• Information:
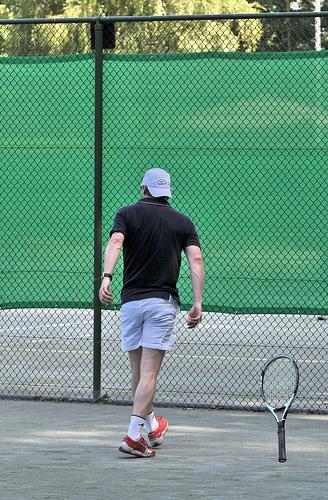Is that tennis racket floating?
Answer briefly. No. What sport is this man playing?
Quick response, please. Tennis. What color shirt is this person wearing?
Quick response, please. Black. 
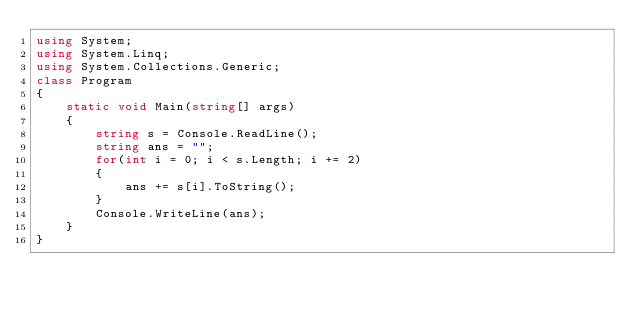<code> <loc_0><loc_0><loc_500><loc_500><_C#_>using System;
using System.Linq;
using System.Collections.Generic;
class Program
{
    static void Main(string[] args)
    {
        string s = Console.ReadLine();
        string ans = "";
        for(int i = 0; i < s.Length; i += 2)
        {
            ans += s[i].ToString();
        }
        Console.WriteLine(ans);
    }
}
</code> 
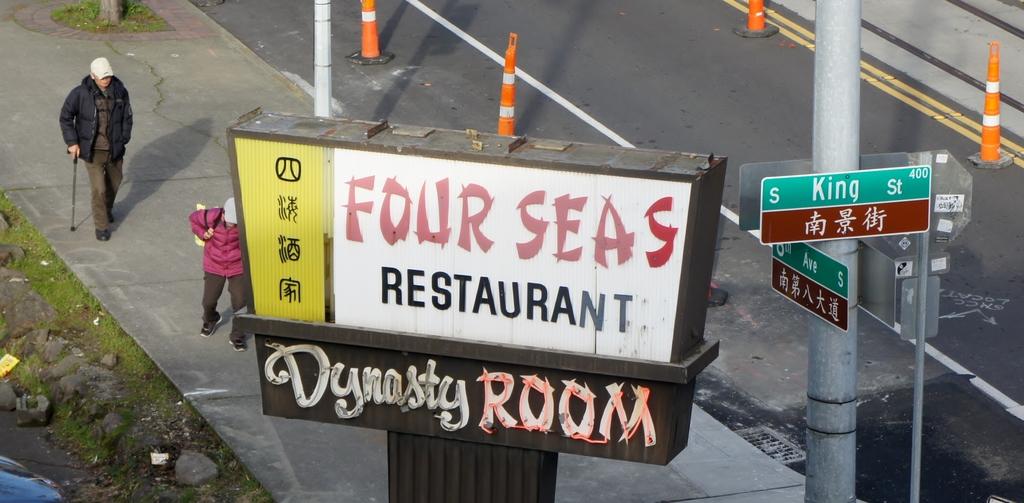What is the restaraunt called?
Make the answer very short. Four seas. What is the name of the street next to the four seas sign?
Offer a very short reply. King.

• Exercise brief: The entries above should be written out in full, and any picture in them left out.

• Written solution:
Is that tennis racket floating?
Answer briefly. No. What sport is this man playing?
Quick response, please. Tennis. What color shirt is this person wearing?
Quick response, please. Black. 
<code> <loc_0><loc_0><loc_500><loc_500><_C#_>using System;
using System.Linq;
using System.Collections.Generic;
class Program
{
    static void Main(string[] args)
    {
        string s = Console.ReadLine();
        string ans = "";
        for(int i = 0; i < s.Length; i += 2)
        {
            ans += s[i].ToString();
        }
        Console.WriteLine(ans);
    }
}
</code> 
What is the restaraunt called?
Make the answer very short. Four seas. What is the name of the street next to the four seas sign?
Offer a very short reply. King.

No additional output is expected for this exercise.